• **Assignment**
Each line below from the one containing "1) necklace (377,218,449,351)" through the one containing "name at (x, y, z)" is to be given again exactly, and no line outside that span.
------------------------
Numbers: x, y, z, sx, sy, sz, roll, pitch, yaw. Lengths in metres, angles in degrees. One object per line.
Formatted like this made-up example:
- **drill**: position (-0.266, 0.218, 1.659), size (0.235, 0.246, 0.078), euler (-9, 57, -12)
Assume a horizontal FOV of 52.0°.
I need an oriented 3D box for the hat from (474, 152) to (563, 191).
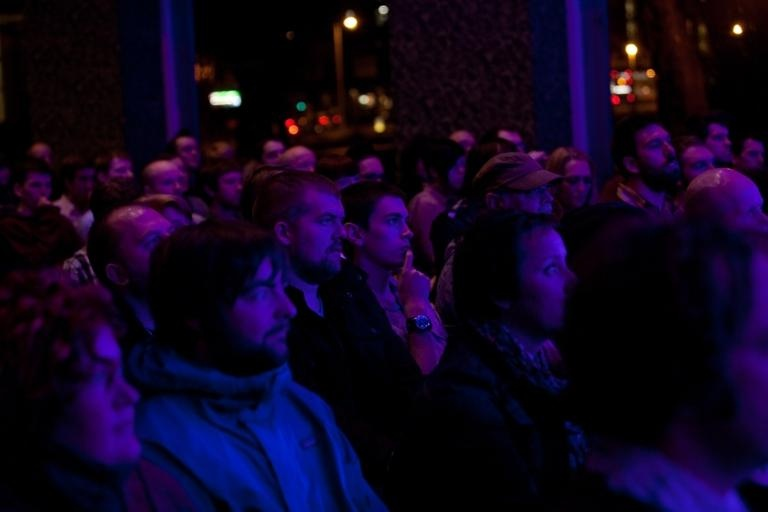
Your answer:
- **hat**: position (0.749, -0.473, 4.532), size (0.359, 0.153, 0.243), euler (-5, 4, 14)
------------------------
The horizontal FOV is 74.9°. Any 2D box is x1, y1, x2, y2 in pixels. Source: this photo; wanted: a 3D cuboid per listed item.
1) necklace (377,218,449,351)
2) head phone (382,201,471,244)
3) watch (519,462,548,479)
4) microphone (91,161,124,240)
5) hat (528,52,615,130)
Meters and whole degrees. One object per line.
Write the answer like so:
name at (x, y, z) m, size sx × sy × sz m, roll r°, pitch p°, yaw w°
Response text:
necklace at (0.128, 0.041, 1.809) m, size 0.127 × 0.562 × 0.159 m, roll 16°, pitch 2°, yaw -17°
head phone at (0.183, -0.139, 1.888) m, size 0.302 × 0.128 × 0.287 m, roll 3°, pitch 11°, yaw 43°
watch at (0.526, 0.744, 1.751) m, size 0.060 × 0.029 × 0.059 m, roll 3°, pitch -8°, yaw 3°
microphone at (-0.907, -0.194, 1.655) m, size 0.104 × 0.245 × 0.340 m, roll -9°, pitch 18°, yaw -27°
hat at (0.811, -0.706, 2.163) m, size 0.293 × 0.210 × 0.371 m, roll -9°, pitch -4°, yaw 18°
------------------------
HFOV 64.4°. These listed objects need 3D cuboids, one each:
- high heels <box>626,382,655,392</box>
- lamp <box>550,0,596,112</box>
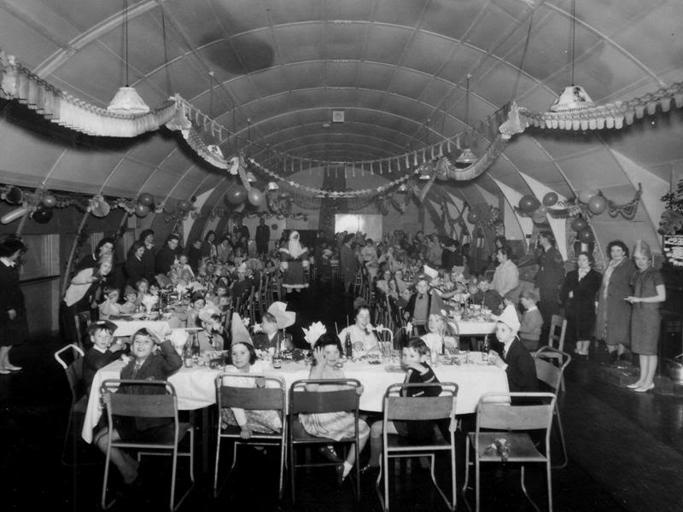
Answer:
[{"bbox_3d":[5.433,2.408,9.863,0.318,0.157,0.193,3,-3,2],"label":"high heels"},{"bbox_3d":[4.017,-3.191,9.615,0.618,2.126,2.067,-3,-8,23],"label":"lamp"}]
------------------------
• **Reply**
1) necklace (377,218,449,351)
2) head phone (382,201,471,244)
3) watch (519,462,548,479)
4) microphone (91,161,124,240)
5) hat (528,52,615,130)
Meters and whole degrees. One object per line.
Write the answer like so:
name at (x, y, z) m, size sx × sy × sz m, roll r°, pitch p°, yaw w°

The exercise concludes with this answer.